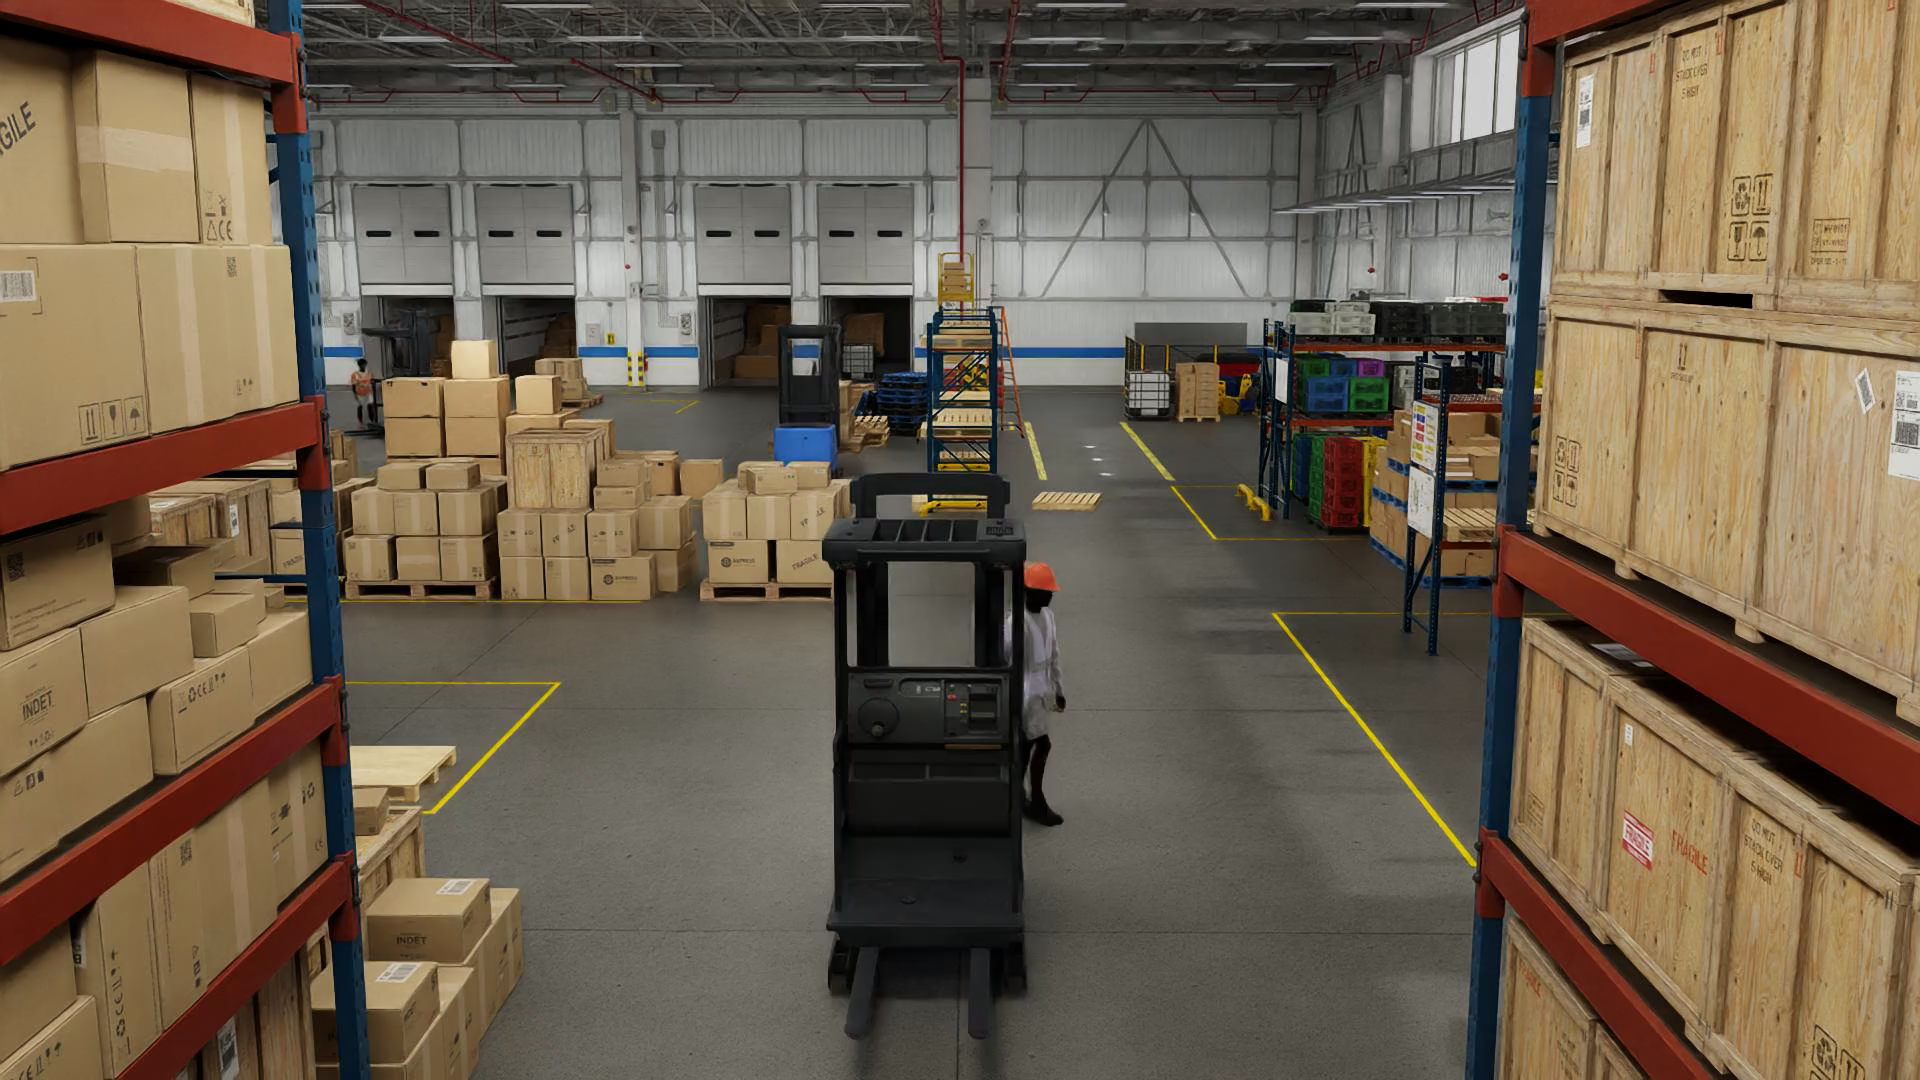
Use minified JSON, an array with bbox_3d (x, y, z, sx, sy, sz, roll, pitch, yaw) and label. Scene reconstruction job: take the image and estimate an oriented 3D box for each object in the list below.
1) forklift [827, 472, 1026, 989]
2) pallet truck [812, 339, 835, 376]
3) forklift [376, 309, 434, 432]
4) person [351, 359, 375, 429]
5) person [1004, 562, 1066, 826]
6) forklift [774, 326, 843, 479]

# # # #

### Aim of the exercise
The pictures in the entries should be left out; output everything else exactly.

### Answer to the exercise
Use minified JSON, an array with bbox_3d (x, y, z, sx, sy, sz, roll, pitch, yaw) and label. Scene reconstruction job: take the image and estimate an oriented 3D box for each object in the list below.
1) forklift [827, 472, 1026, 989]
2) pallet truck [812, 339, 835, 376]
3) forklift [376, 309, 434, 432]
4) person [351, 359, 375, 429]
5) person [1004, 562, 1066, 826]
6) forklift [774, 326, 843, 479]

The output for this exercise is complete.